EXERCISE DATA |
*** Block opens ***
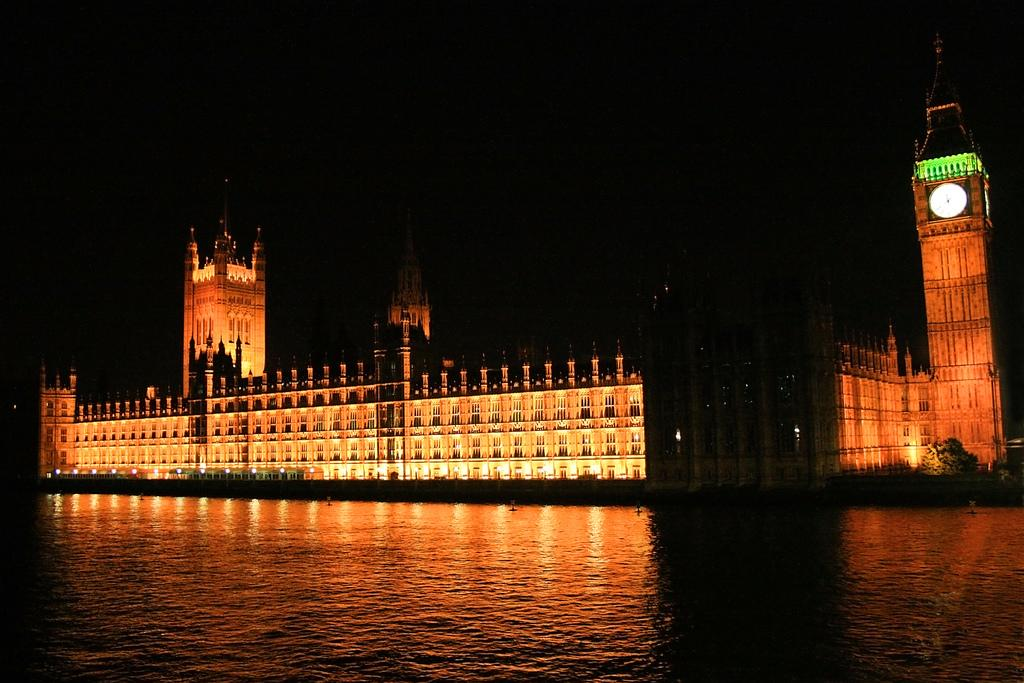What structure is featured in the image with a clock? There is a building with a clock in the image. What can be seen at the bottom of the image? Water is visible at the bottom of the image. Where is the plant located in the image? There is a plant on the right side of the image. How many people are being held in the jail in the image? There is no jail present in the image. What type of animal is biting the plant in the image? There are no animals present in the image, and the plant is not being bitten. 
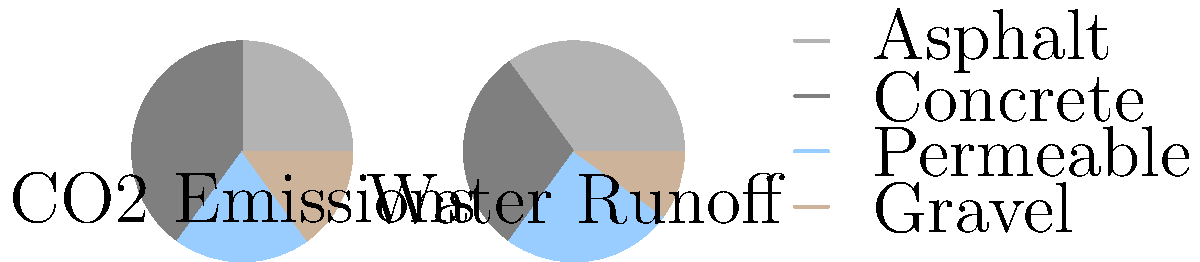Based on the pie charts showing CO2 emissions and water runoff for different road surface materials, which material appears to be the most environmentally friendly option for a new local road project, considering both factors equally? To determine the most environmentally friendly road surface material, we need to consider both CO2 emissions and water runoff:

1. Asphalt:
   - CO2 emissions: 25%
   - Water runoff: 35%
   - Total impact: 60%

2. Concrete:
   - CO2 emissions: 40%
   - Water runoff: 30%
   - Total impact: 70%

3. Permeable:
   - CO2 emissions: 20%
   - Water runoff: 25%
   - Total impact: 45%

4. Gravel:
   - CO2 emissions: 15%
   - Water runoff: 10%
   - Total impact: 25%

Comparing the total impact percentages, we can see that gravel has the lowest combined impact (25%), followed by permeable surfaces (45%), asphalt (60%), and concrete (70%).

However, as an environmentalist, we should also consider the practicality and long-term sustainability of each option. While gravel has the lowest immediate impact, it may require more frequent maintenance and replacement, potentially increasing its long-term environmental impact.

Permeable surfaces, despite having a slightly higher impact than gravel, offer a good balance between environmental friendliness and practicality. They allow water to filter through, reducing runoff and helping to recharge groundwater, which is an important ecological consideration.
Answer: Permeable surfaces 
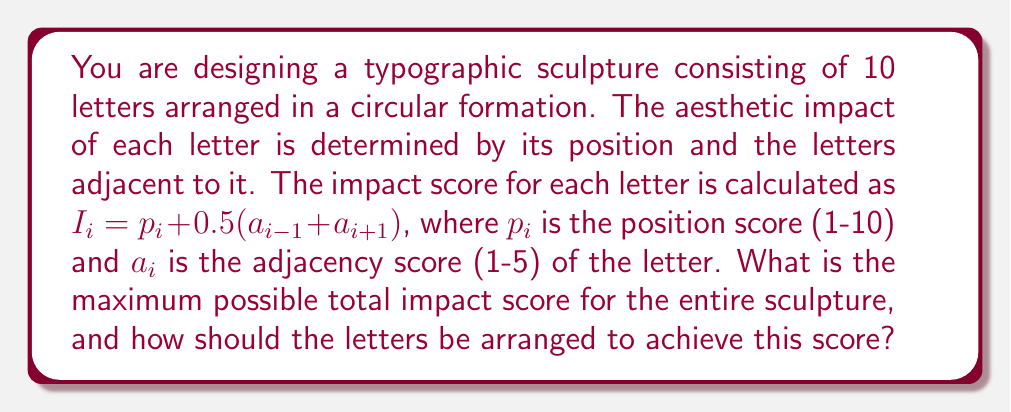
*** Block closes ***
Please work out how many lines of the listing hold the word "lowest" and reply with only that number.

RESULT OF THE EXERCISE |
2